After rising steadily since the fall, yields on 10-year Treasury notes have dipped slightly over the past three months as investors factor in the potential for weaker growth, said Joe Brusuelas, chief economist at RSM.
Consumer spending climbed 5% in March after Congress and the White House enacted a $1.9 trillion pandemic relief package that sent $1,400 checks to many households. The money was reaching pocketbooks at the same time many people were getting vaccinated and venturing out more as service providers reopened their doors. Monthly spending increases have slowed since then as the initial stimulus effect fades.
“May was insane,” said Zach Schneider, co-owner of S&S Hardware in St. Paul, Minn., who estimated that sales that month were 17% to 19% higher than in May 2019.
“Not only were we increasing the visitors but we were also increasing our average transaction, getting a lot of people impulse shopping,” he said.
Sales have cooled off since, he said, “but year-over-year, we’re still tracking ahead.”
Inflation also jumped in the spring and early summer as household spending outpaced businesses’ ability to keep up. Consumer prices rose 5.4% in June from a year before, the fastest pace since 2008, the Labor Department reported.
As growth slows, firms will have more time to find workers, work through order backlogs and increase production, though many supply-chain bottlenecks persist. The economists surveyed see inflation measured by the department’s consumer-price index gliding down to 4.1% in December from a year earlier and 2.5% by the end of 2022.
Several forces are likely to ensure economic growth remains strong in the coming quarters. For one, millions of individuals who are unemployed or not looking for work will likely find jobs, giving them income to spend. September could be a pivotal month, as schools reopen widely across the nation and expanded unemployment benefits expire nationwide.
Consumers also built up a large cash buffer during the pandemic. Americans were saving at an annualized rate of $2.3 trillion in May, nearly twice as much as they were saving in May 2019. While consumers have drawn on some of that money to pay off debt or book a vacation, there is room for more spending.
“You can’t eat out twice in a night,” said Steven Blitz, chief U.S. economist at TS Lombard. “Reopenings get people to spend money but it all can’t be spent in one month.”
Federal stimulus, meanwhile, hasn’t entirely disappeared. The federal government on Thursday began sending monthly payments of up to $300 per child as part of an expanded child tax credit.
This new phase of the recovery comes with its own set of risks. Although many economists expect recent price pressures to be temporary, there is the possibility that costs for some goods and services push up inflation on a sustained basis.
Housing costs pose one such concern. Owners’ equivalent rents—the Labor Department’s estimate of what homeowners would have to pay each month if they were renting their own home—haven’t yet rebounded much. But some economists warn these prices could start rising briskly, reflecting recent rapid increases in home prices.
Another risk comes from the labor market, which has recovered more slowly than many economists anticipated earlier this year.
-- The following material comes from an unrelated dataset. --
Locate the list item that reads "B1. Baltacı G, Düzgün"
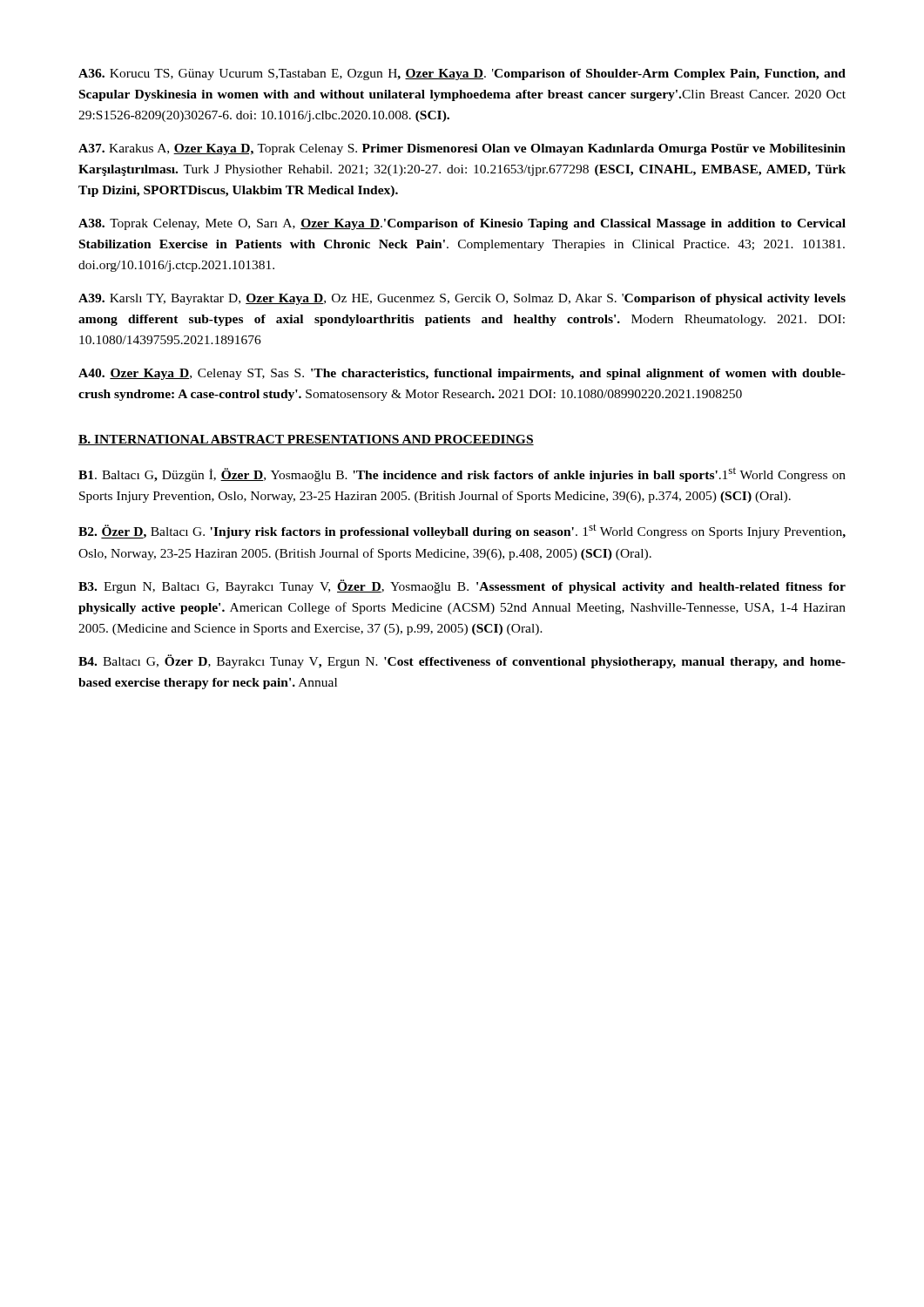The width and height of the screenshot is (924, 1307). [462, 483]
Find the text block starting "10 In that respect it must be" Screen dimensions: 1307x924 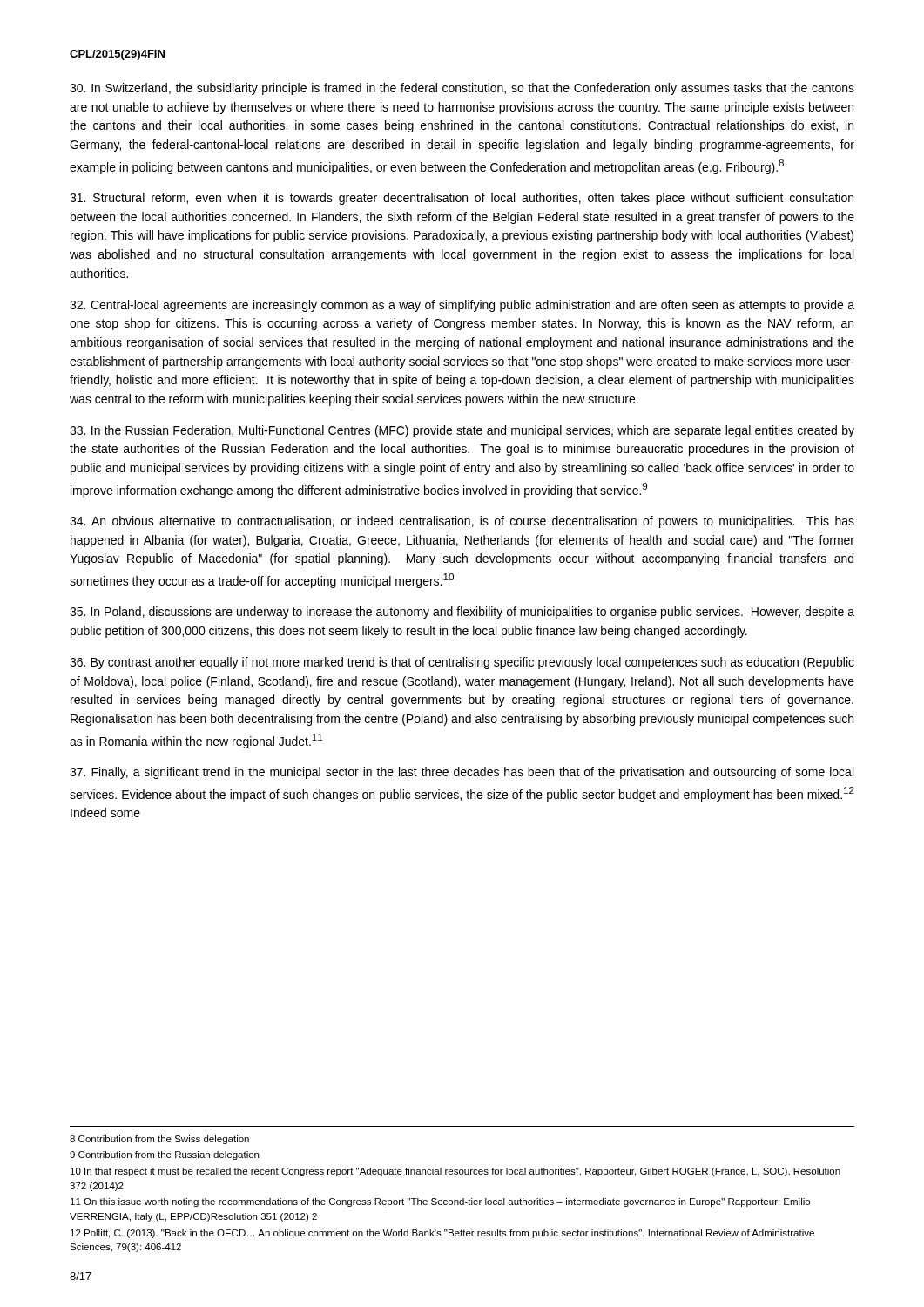click(x=455, y=1178)

The U.S. economy is still about 7 million jobs short of pre-pandemic levels, and some impediments to employment growth could be long-lasting.
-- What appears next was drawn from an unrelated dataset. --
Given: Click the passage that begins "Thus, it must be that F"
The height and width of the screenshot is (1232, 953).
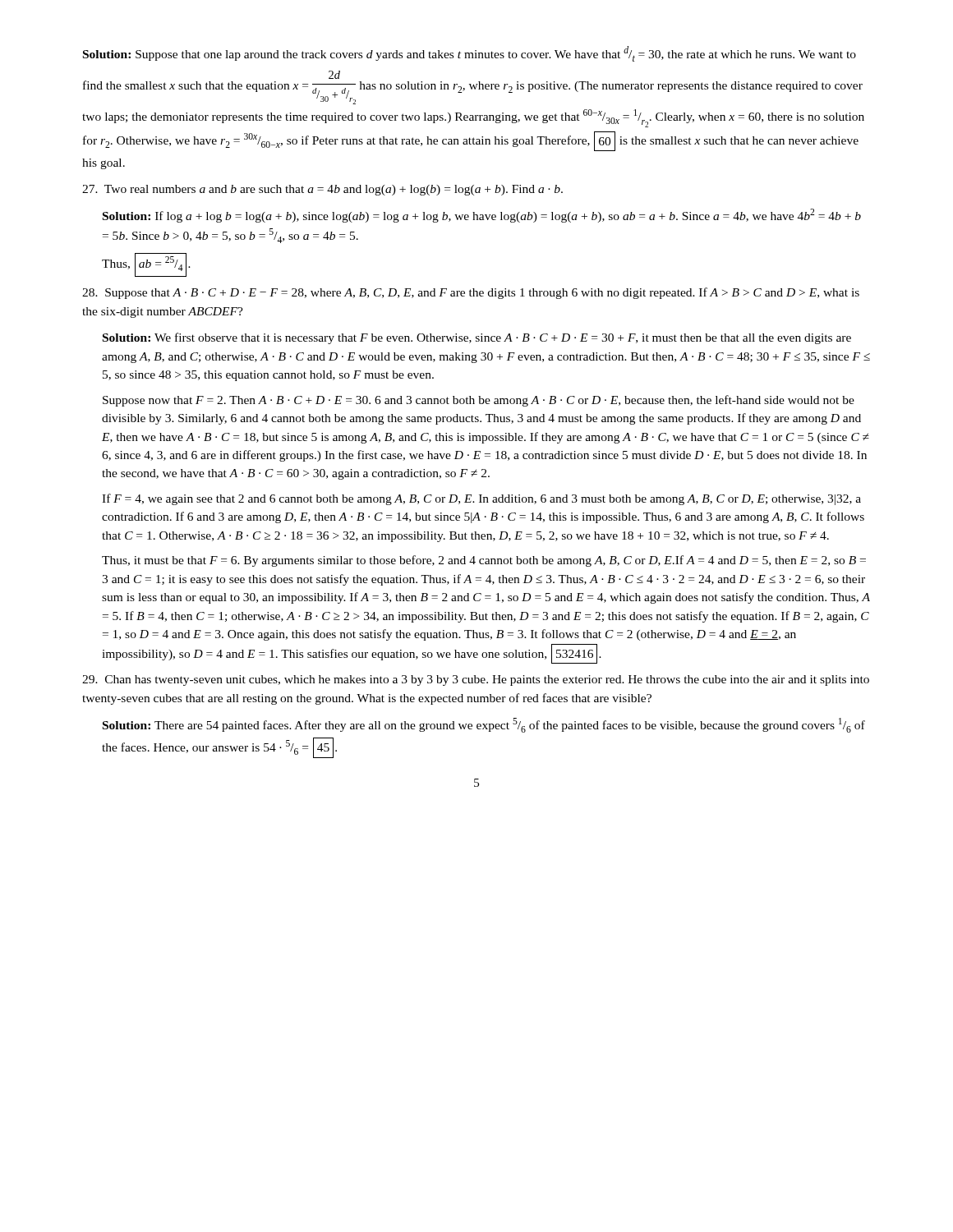Looking at the screenshot, I should click(x=486, y=608).

Many Americans retired earlier than planned during the pandemic and will never return to the labor market. Others have been out of work for months, raising the risk their skills might have atrophied or employers might perceive they have. Mismatches between the industries and places where jobs are available and where unemployed people are searching could hinder hiring for months.
“I do worry a little bit about whether there will be some structural underemployment on the other side of all this,” said Mr. Feroli.
—Anthony DeBarros contributed to this article.
Write to Sarah Chaney Cambon at [email protected] and David Harrison at [email protected]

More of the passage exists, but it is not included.